DirectX has several components for sound programming i.e DirectSound and DirectMusic, but in version 8.0 those components are combined into single component, i.e. DirectX Audio. I will explain it for DirectX 8.0. For version 9.0 you should replace 8 suffix with 9, for example, replace IDirectMusicPerformance8 with IDirectMusicPerformance9 and so on. For this article I use DirectX header conversion from here. Download project source code accompany this article here.

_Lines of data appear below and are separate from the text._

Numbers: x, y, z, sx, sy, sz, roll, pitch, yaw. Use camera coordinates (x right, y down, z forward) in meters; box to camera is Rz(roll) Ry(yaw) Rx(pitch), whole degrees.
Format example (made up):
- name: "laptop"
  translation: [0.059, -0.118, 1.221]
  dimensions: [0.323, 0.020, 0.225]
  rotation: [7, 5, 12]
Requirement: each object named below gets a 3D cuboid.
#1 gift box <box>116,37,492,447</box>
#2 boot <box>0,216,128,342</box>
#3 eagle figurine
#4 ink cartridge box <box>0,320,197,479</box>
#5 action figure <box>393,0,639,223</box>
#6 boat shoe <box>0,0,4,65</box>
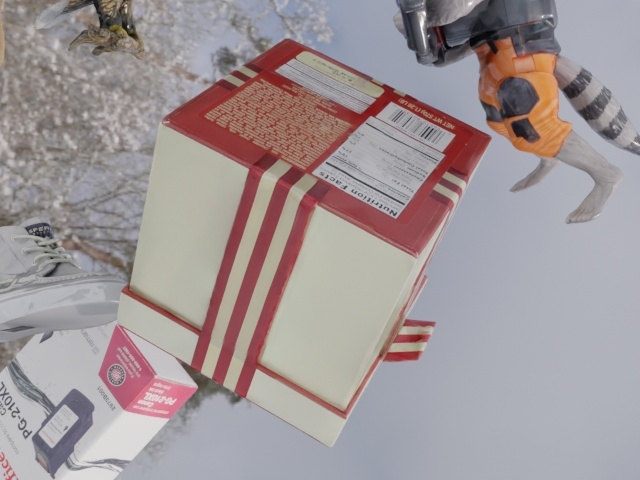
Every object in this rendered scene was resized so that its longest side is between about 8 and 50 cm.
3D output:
- name: "gift box"
  translation: [0.000, 0.000, 0.729]
  dimensions: [0.255, 0.276, 0.258]
  rotation: [31, -52, 13]
- name: "boot"
  translation: [-0.295, 0.031, 0.830]
  dimensions: [0.258, 0.095, 0.123]
  rotation: [-11, -109, 30]
- name: "eagle figurine"
  translation: [-0.293, -0.428, 1.194]
  dimensions: [0.226, 0.225, 0.298]
  rotation: [9, -79, 44]
- name: "ink cartridge box"
  translation: [-0.296, 0.199, 0.970]
  dimensions: [0.237, 0.100, 0.172]
  rotation: [-47, -119, 3]
- name: "action figure"
  translation: [0.188, -0.206, 0.807]
  dimensions: [0.178, 0.341, 0.330]
  rotation: [-22, -77, 16]
- name: "boat shoe"
  translation: [-0.500, -0.347, 1.143]
  dimensions: [0.073, 0.073, 0.207]
  rotation: [-3, -86, 19]

Hold Your Breath and Dive In....

Ok, enough with overview stuff. Let's start with real stuff. There are several steps to use DirectX Audio. It can be divided into three main parts as following:

  1. Initialization.
  2. Playing and stopping sound sample.
  3. Finalization (Shutdown).

Initialization Part

To start using DirectX Audio, first of all, we must initialize COM by calling CoInitialize function. This function is declared in ActiveX unit, so add this unit in your uses clause. This function has one parameter, fill this parameter with nil upon calling CoInitialize. Once it's done, we are ready to initialize DirectX Audio. Ok let's continue with next step.

Initializing Performance

Performance object is a overall manager for music playback. In one application, usually we only need one performance. To create and initialize performance, we use CoCreateInstance function which is declared in ActiveX unit. For example:

CoCreateInstance(CLSID_DirectMusicPerformance,nil,CLSCTX_INPROC,IID_IDirectMusicPerformance8,FPerformance);

Code above will initialize instance of IDirectMusicPerformance8 and store the address of instance in FPerformance. FPerformance is variable of type IDirectMusicPerformance8. Class ID CLSID_DirectMusicPerformance and interface ID IID_DirectMusicPerformance8 are both declared in DirectMusic unit. Be sure to include this unit in your uses clause. Second parameter is for COM aggregation which is not supported, we set it to nil. Constant CLSCTX_INPROC used here because DirectX is an in process COM server. We can check status of CoCreateInstance using Failed or Succeeded function.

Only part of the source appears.